Each spot has something funny and affecting. In "I life,'' it's painful to watch PC groove to his iPod. "Just a little something to hold my Slow Jams,'' he says, while Mac boy then launches into a quick explanation of I Life. Mr. PC then says he has plenty of "cool apps'' (and uses the funniest pronunciation of "bundled'' I've ever heard); it turns out he's talking about a clock and calculator.
I also liked "Network,'' which starts out with the two dudes holding hands—very beautiful, in a Kumbaya sort of way. The love fest is broken, however, when Mac introduces his new peripheral friend—a Japanese woman embodying a new digital camera. (It could have been an appalling stereotype, but she's modern and smart and doesn't giggle until the very end.)

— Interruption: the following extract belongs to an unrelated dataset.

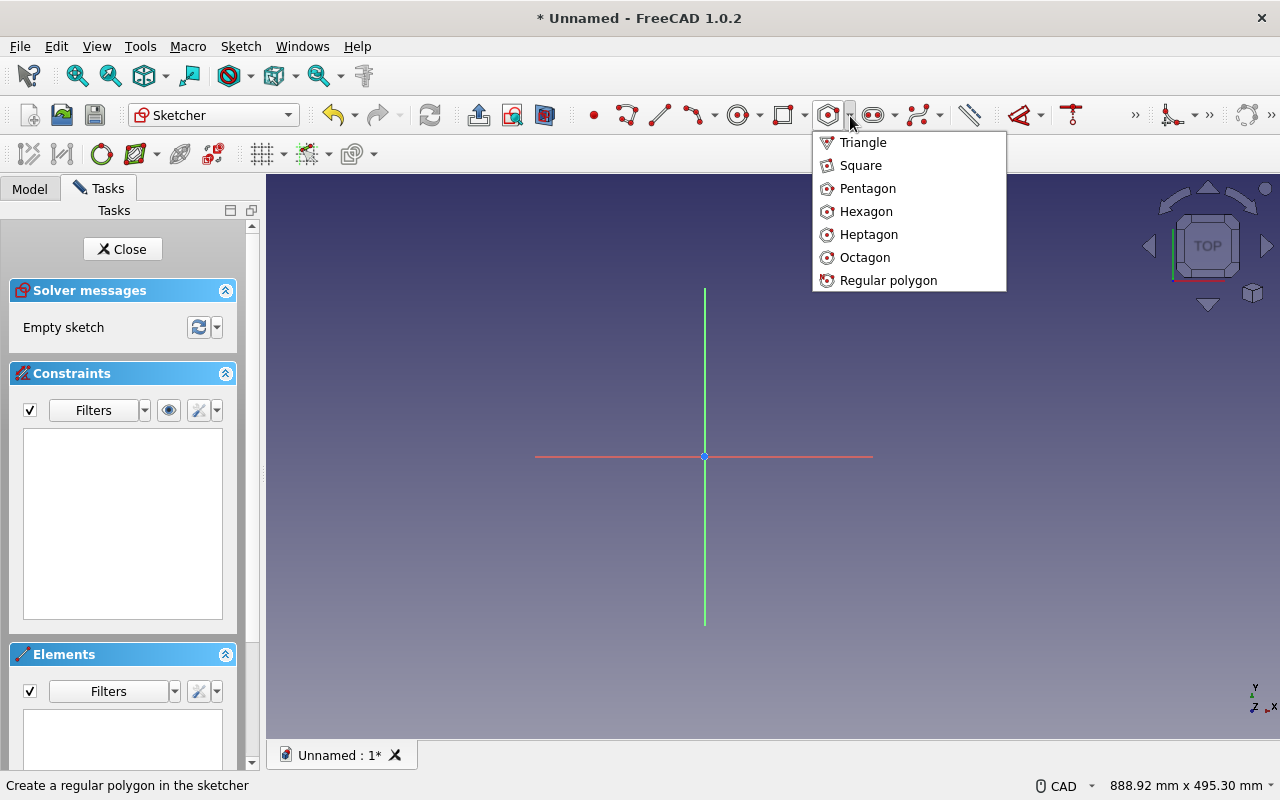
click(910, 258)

There's probably a limited run for the campaign—Sir Mac can't go on beating up poor PC forever. But he sure makes his point for now. Interestingly, former genius pirate Steve Jobs is now forced into the role of a diplomat: There's the whole Intel chip thing, for starters, and he had to make peace with the Beatles, and work out a deal with Disney. Who knows what's to come? He might even soon be photographed in a suit.